Two emerging trends are new e-payment systems and microfinance (to date, 154 million people globally use microfinance) which have thrived in countries where banking systems have been either underdeveloped or more oriented towards the rich. These innovations have enabled the creation of new wealth in countries such as Mexico, Indonesia and Bangladesh.
In the Middle East, The Credit Suisse Research Institute estimates that average wealth per adult in Qatar stands at USD109,369, which is higher than that of Korea, Greece, Portugal and Spain, and is only just below the European average. Similarly, wealth per adult for the United Arab Emirates has reached USD150,000, which is higher than that of the Netherlands.
China stands out as the third-largest wealth generator in the world, with total household wealth of USD16.5 trillion, behind only the US (USD54.6 trillion) and Japan (USD21.0 trillion). If historic growth trends continue, total household wealth in China could rise 111 per cent to USD35 trillion by 2015, outstripping Japan to become the second highest in the world.
Wealth has also surged in other emerging markets in Asia Pacific, especially India and Indonesia. The total wealth of India has tripled in a decade to USD3.5 trillion, while Indonesia’s has grown five-fold to USD1.8 trillion. By 2015, based on current trends, India’s wealth could nearly double to USD6.4 trillion while Indonesia’s could grow as impressively, taking it to over USD3 trillion.
Major developed economies top the global household debt league table
The Report finds that major developed economies top the global household debt league table, compared with the relatively low household debt levels in the emerging countries. There is a clear correlation between household debt and wealth per adult: a high level of wealth per adult in a country facilitates greater access to credit, which can have both positive and negative effects. On the one hand it encourages economic development, but on the other hand it can lead people to become over-leveraged.
The US heads the global household debt league table, with total debt of USD14 trillion, followed by Japan with USD4 trillion and Germany with USD2 trillion. Household debt in developed countries has significantly outsized that of the emerging economies. South Korea has the largest household debt in the emerging markets of Asia at USD830 billion, representing 6 per cent of the total household debt of the US. Denmark ranks first in terms of average debt per adult (USD113,978) and Switzerland second (USD100,651).
The credit crisis has taken its toll
The Report finds that the credit crisis took a toll, especially on countries where non-financial wealth had risen rapidly. The value of non-financial assets (i.e. property) in Ireland fell from a level of USD166,000 in 2007 to USD103,000 as of mid-2010. Similarly, in the same period, the value of non-financial assets fell from USD118,500 to USD89,444 in Spain and from USD23,000 to USD15,685 in Estonia.
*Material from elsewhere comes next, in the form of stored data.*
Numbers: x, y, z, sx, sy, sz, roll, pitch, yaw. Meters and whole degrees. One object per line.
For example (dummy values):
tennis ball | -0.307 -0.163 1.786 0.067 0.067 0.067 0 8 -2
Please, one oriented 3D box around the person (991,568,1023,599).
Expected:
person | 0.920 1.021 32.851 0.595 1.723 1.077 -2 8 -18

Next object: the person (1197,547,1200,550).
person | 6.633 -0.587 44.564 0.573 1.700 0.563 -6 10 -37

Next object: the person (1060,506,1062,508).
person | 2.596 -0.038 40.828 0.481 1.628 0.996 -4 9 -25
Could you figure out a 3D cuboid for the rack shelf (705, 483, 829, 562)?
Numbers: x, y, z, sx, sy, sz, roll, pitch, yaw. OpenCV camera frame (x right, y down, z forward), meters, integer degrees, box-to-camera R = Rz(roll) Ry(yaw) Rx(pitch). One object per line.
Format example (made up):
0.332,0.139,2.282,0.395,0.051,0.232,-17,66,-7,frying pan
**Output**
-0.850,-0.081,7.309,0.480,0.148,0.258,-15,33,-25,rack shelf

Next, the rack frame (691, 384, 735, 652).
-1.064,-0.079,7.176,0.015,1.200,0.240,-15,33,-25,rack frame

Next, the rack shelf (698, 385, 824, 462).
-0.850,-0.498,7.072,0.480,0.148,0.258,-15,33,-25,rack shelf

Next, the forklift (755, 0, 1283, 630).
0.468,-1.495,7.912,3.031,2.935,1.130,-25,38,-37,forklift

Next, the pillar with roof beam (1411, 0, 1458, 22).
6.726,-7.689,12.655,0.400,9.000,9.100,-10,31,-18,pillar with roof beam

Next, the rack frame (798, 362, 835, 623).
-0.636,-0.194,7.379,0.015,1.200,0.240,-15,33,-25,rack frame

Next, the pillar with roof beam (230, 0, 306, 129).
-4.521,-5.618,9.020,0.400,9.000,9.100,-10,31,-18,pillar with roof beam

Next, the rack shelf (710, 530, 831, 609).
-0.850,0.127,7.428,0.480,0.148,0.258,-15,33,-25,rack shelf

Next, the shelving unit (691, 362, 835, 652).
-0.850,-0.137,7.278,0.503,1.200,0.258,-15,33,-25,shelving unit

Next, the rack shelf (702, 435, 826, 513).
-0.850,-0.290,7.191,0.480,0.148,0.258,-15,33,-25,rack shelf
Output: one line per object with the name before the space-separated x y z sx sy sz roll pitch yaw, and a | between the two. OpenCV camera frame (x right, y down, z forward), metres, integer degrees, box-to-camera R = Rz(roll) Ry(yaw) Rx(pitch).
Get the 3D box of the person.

Gender dimensions of wealth holdings
Gender wealth distribution receives much less attention than gender equality in income, which itself is an important and widely debated issue. In the future, with the rise of more female entrepreneurs and executives, the gender aspect of wealth generation will grow in importance, the report states. For example, in the US, among the wealthy, female net worth is 98 per cent of that of males. Overall, data from the US and the UK show that wealthy women on average are older than wealthy men and more likely to have gained their assets through inheritance.